## RECORDS PROVIDED:
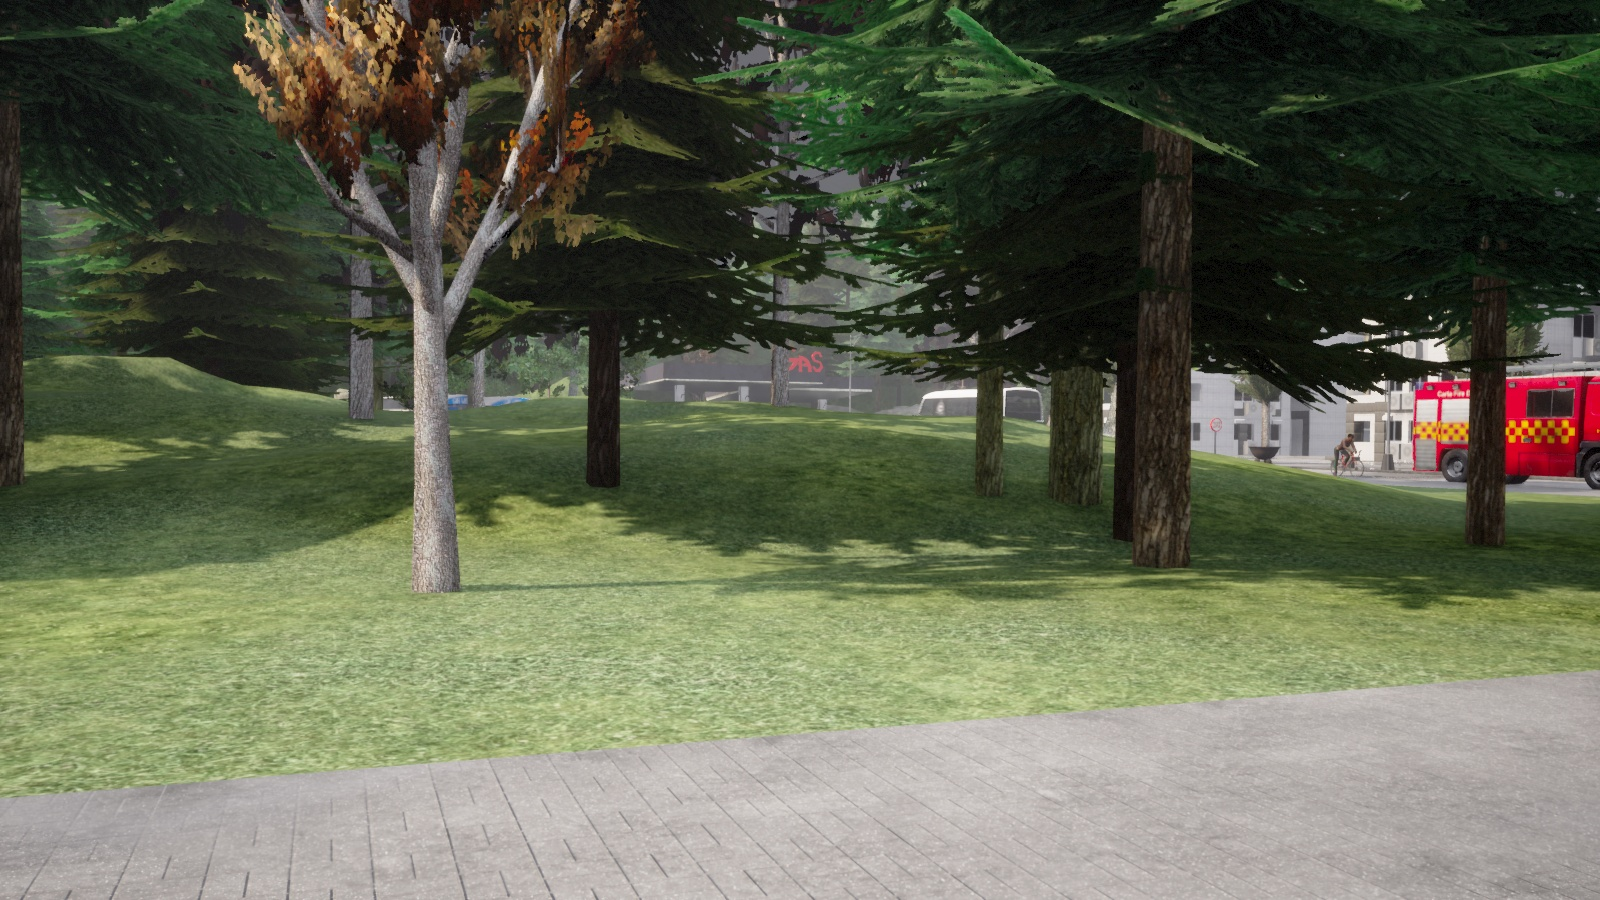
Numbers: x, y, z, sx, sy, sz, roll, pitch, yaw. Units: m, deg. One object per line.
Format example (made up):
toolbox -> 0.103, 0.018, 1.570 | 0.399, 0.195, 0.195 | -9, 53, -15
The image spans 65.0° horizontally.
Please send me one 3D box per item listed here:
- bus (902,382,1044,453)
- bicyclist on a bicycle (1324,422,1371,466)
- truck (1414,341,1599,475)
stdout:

---

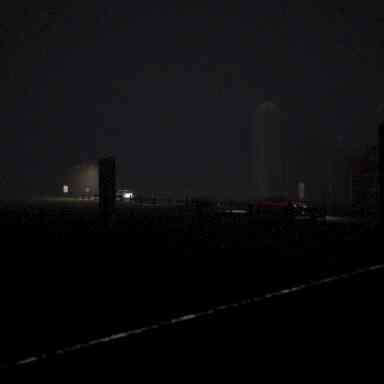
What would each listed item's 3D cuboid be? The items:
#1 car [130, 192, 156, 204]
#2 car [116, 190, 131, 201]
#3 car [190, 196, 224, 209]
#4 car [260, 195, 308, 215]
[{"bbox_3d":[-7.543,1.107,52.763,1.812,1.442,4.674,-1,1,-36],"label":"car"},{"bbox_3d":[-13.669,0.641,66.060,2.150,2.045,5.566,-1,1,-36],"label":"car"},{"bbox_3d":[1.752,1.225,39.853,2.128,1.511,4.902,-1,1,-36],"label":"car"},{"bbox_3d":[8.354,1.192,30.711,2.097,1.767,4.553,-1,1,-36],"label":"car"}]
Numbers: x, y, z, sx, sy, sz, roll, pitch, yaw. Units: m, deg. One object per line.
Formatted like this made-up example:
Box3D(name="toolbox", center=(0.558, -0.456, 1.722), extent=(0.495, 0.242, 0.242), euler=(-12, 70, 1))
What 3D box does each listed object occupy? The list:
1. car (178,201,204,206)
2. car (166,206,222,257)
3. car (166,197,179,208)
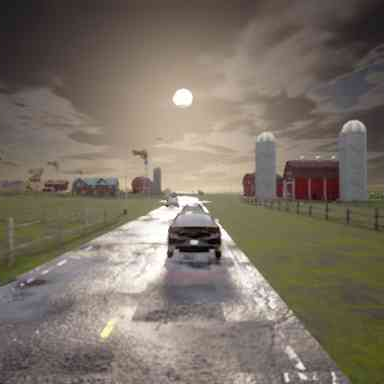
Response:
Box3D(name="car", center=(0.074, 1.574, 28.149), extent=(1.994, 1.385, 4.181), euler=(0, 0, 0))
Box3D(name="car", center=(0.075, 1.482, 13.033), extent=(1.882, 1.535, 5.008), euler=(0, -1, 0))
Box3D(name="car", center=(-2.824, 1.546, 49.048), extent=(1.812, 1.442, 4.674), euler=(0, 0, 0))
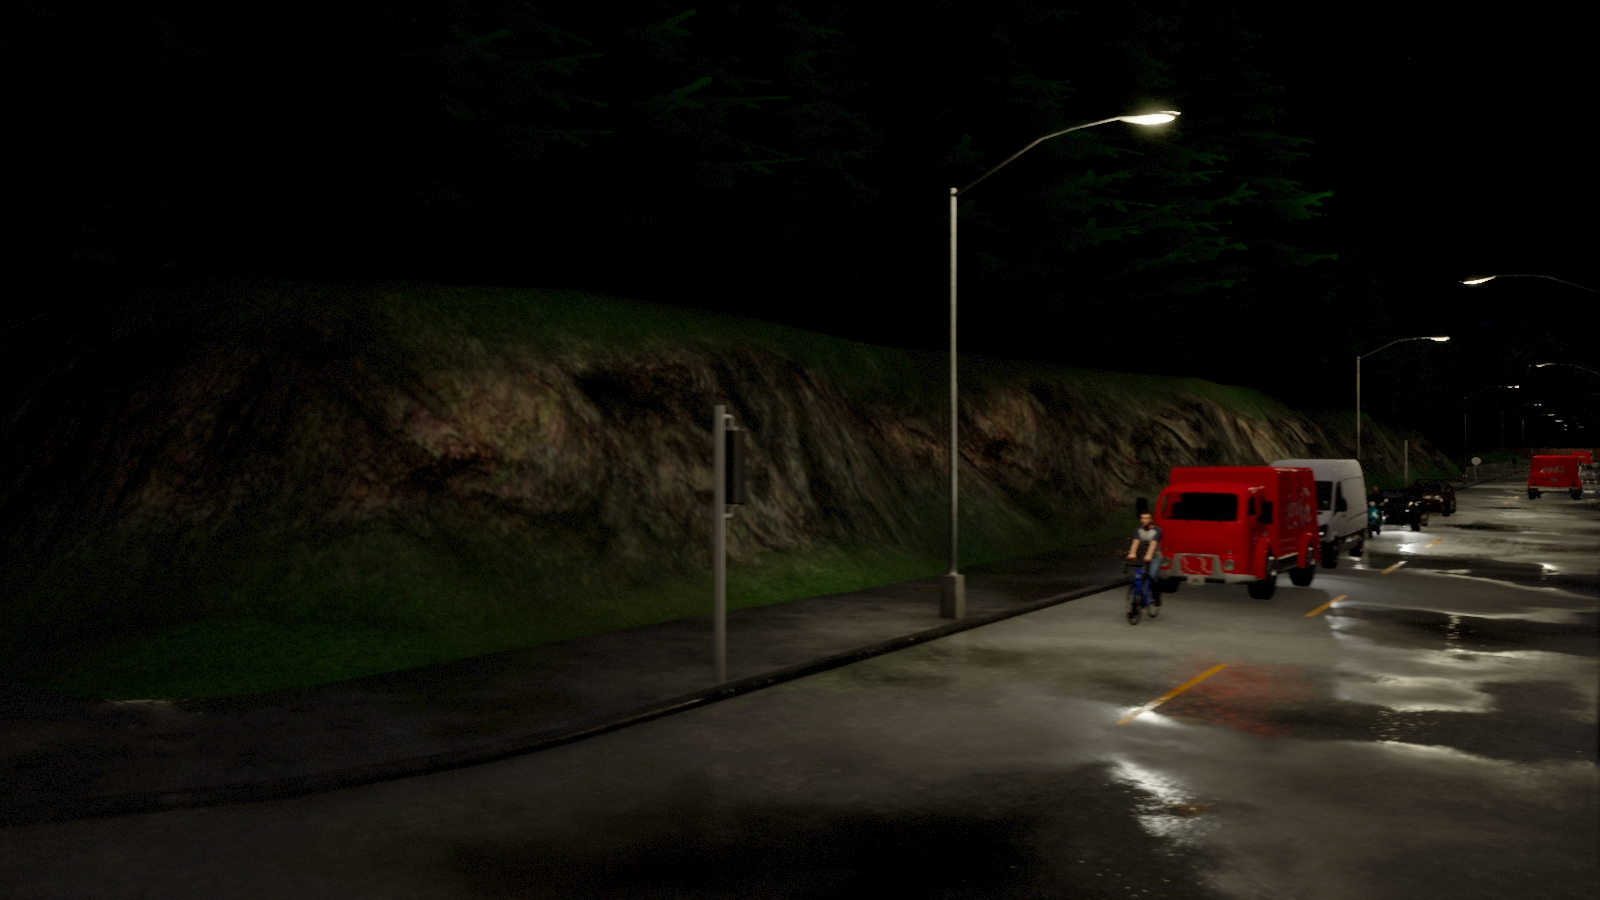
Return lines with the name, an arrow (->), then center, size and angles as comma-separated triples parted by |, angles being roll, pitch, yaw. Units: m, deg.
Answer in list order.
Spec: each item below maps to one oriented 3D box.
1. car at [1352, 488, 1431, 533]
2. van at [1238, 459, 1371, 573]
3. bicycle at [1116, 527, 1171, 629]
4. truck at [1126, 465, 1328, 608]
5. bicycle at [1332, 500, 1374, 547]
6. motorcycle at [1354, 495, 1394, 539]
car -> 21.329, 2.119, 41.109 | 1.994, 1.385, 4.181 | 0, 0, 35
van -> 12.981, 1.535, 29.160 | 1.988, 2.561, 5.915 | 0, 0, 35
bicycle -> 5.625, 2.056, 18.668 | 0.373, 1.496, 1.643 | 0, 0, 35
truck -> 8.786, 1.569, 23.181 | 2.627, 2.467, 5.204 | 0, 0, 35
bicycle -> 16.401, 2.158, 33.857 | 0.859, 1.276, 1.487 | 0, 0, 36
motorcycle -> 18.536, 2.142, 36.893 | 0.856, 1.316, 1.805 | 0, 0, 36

## WORK INSTRUCTION:
How many lines of the data hold the string "listed"? Reply with the number alone.

## RESPONSE TO THIS EXERCISE:
3